Industrial Sector#
PyPSA-USA’s industrial module captures the flow of energy associated with all heavy industry. The module aggregates all industry together and does not differentitate between different industry classes. For example, low and high temperature heat requirements are aggregated together into a single heat demand.
Note
The industrial sector’s implementation is currently quite simple. Much room exists to improve industry sector demand and teachnology representation!
Demand#
The demand methodology follows a similar methodology to that propsed by NREL in their Demand Side Grid model. Notably, final demand is created from three components; The load profiles, the annual load magnitudes, and the load dissagrgation.
Demand Profiles#
Demand profiles are taken from the EPRI Load Shape Library. Average profiles for on and off peak seasons at a NERC region level are extracted. EPRI does not give explicit electrical/heating/cooling/petrol demands, rather, they give demand by end-use. We manually group these into heating and elctrical load. A sample of these profiles is given in the figure below.
Industrial Profiles by Fuel#
Demand Magnitude#
Annual demand magnitudes are taken from NREL County Level Industry Use (CLIU) dataset and scaled according to the EIA Manufacturing Energy Consumption Survey (MECS). This follows the same process described by the the NREL Industry Energy Tool. Projections of industrial fuel demand come from the EIA Annual Energy Outlook (AEO).
The CLIU dataset gives estimates of total end-use industrial fuel demand by county in 2014. As this dataset is now quite old, and derived from emissions rather than end-use processes, it is scaled agaist the MECS. The MECS gives regional (9 regions for the USA) reported end-use energy consumption by NAICS code. Therfore, the CLIU fuel demand is scaled to match regional energy demand from MECS. Daily load results of overlaying the EPRI demand profiles on the CLIU/MECS data is shown in the figure below.
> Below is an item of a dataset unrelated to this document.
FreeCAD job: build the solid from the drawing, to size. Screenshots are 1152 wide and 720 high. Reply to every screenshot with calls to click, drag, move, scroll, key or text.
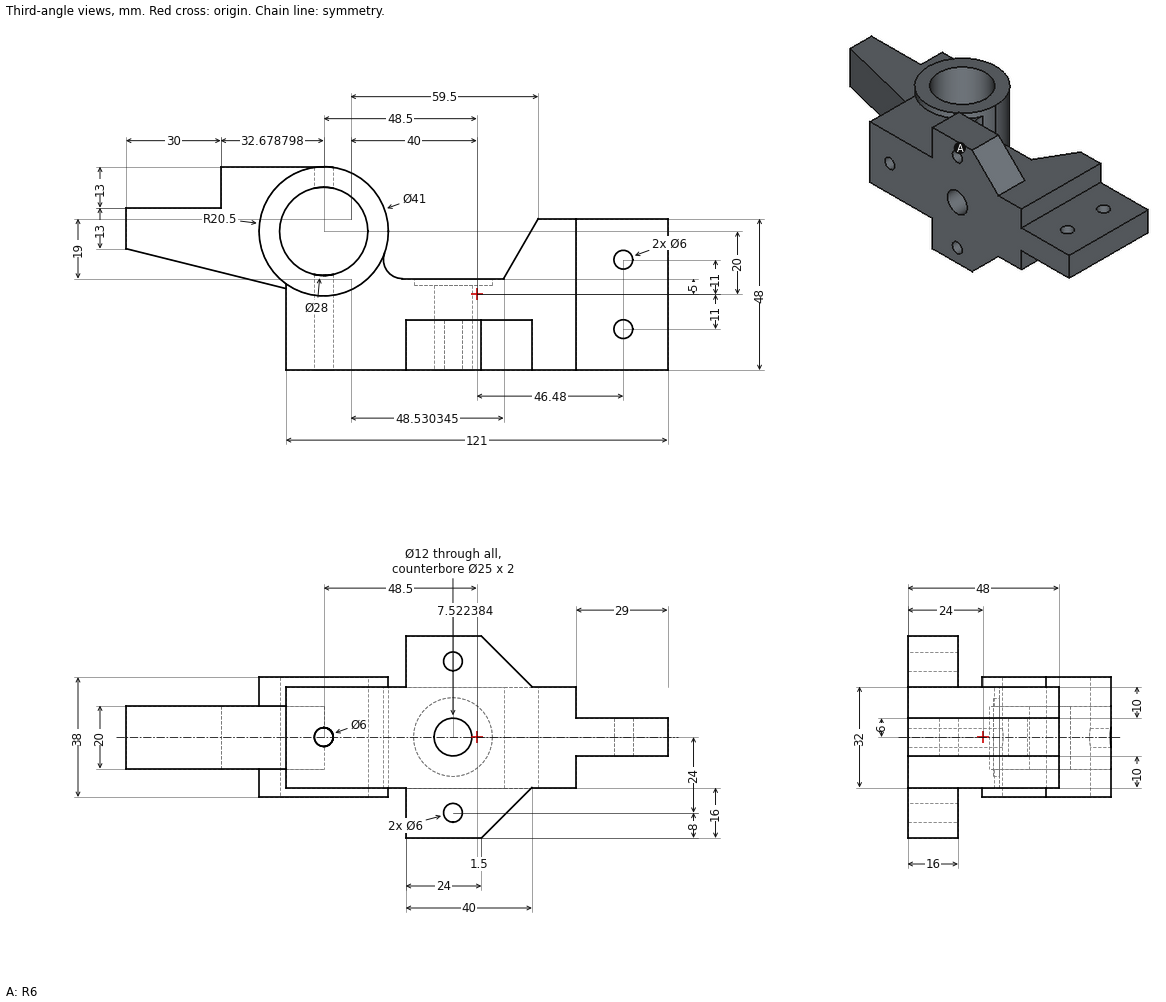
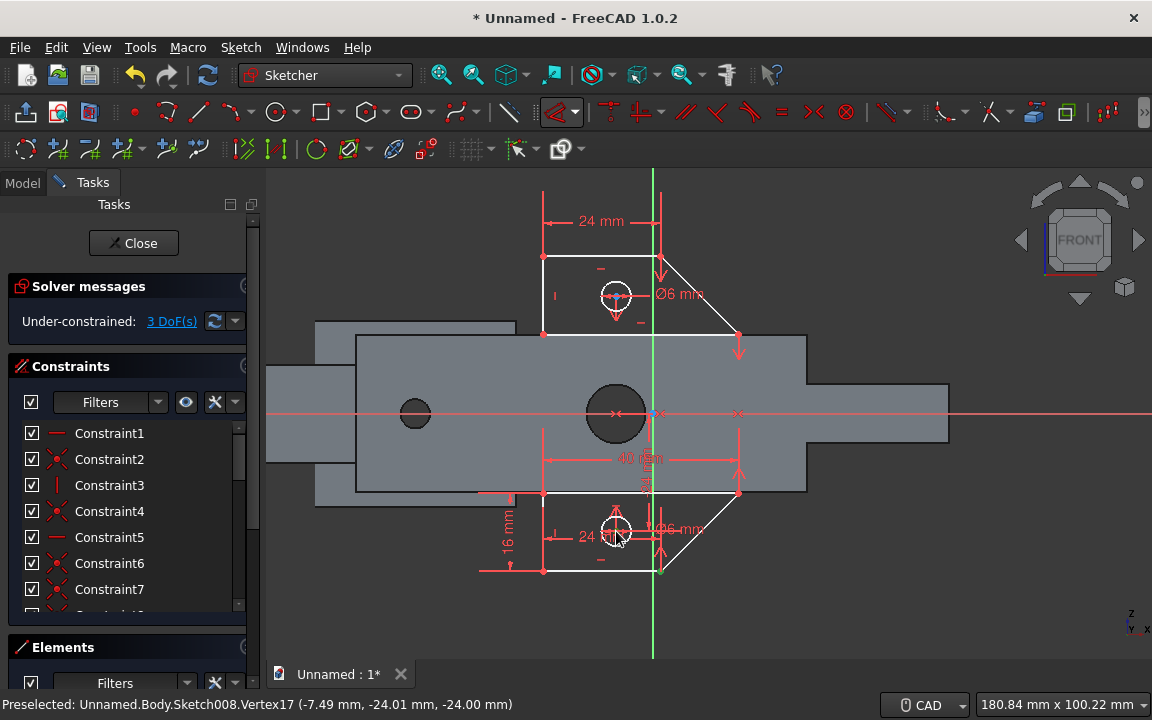
key(i)

Industrial Profiles by Fuel Type for a typical week#
Future energy projections for the industrial are extracted from the AEO industrial energy projections. An example of energy projections in the industrial sector is given in the Figure below.
Annual Energy Outlook industrial end-use consumption projections, with select scenarios.#
Note
The AEO does give industry specific (ie. food, paper, mining, ect.) energy consumption projections here. However, since industry load does not currently differentiate between NAICS code, total energy is used to scale demand.
Demand Dissagregation#
Industrial demand dissagregation follows NREL’s County Level Industry Use (CLIU) dataset. This dataset gives industiral end-use demand by fuel type at a county level. Notably, this dissagregation strategy is different thatn the strategies used for the service and transport sector, which are based on population distributions. Industrial demand often does not follow population distributions, and dissagregating against CLUI captures this. As example of this dissagregation is shown in the Figure below.
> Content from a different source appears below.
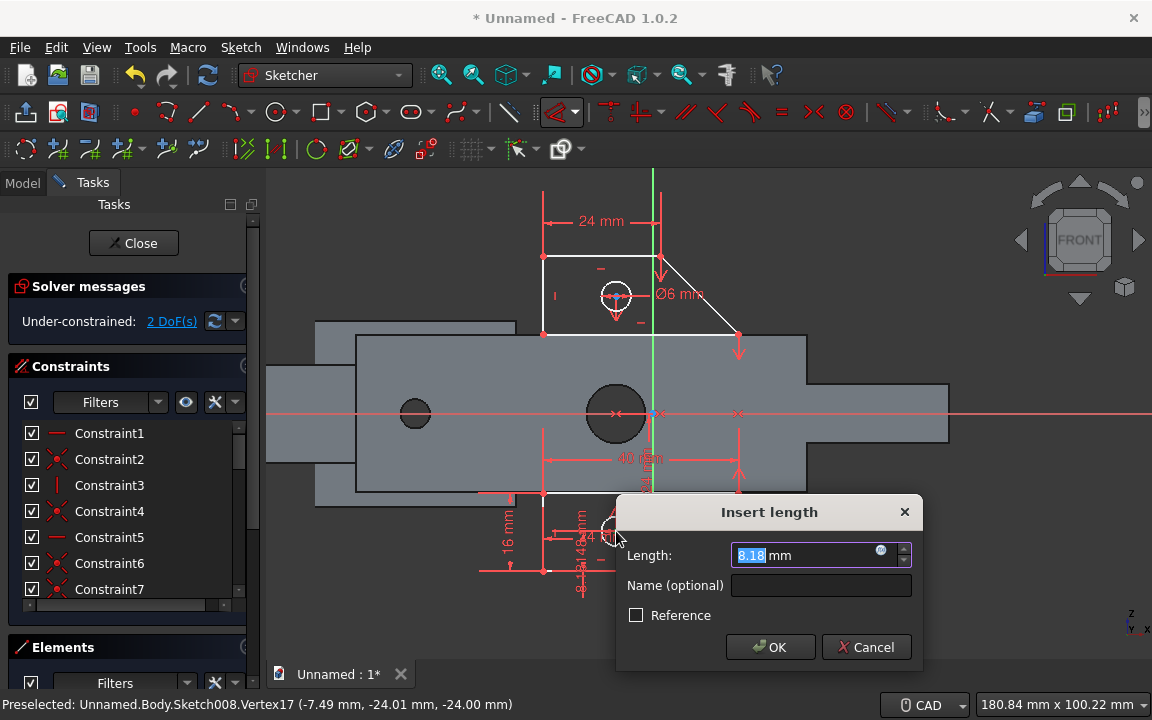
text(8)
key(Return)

Industrial demand dissagregation examples for (a) California. (b) Texas. (c) Michigan. (d) New York.#
Implementation#
The available technologies in the industrial sector is limited, due to industrial demand being aggregated. The schematic and table below give an overview of the industrial sector implementation in PyPSA-USA. Of note is that no on-site electricity generation is avaialble; moreover, combined heat-to-power systems are not yet implemented.
Technology |
Abbreviation |
Required Configuration |
|---|---|---|
Electrical Distribution |
elec-dist |
Always on |
Gas Furnace |
gas-furnace |
Heat Load |
Coal Boiler |
coal-boiler |
Heat Load |
Heat Pump |
heat-pump |
Heat Load |
Industrial Sector representation in PyPSA-USA.#
Data Sources#
Listed below are the main datasources applied within the industrial sector.
Technology |
Metric |
Source |
|---|---|---|
Furnaces |
Capital Costs | Efficiency | Lifetime |
|
Coal Boilers |
Capital Costs | Efficiency | Lifetime |
|
Heat Pumps |
Capital Costs | Efficiency | Lifetime |
|
Heat Pump |
Efficiency |
Time dependent COP calculated |
Validation#
Note
Sector coupling studies are all under active development. More info to come!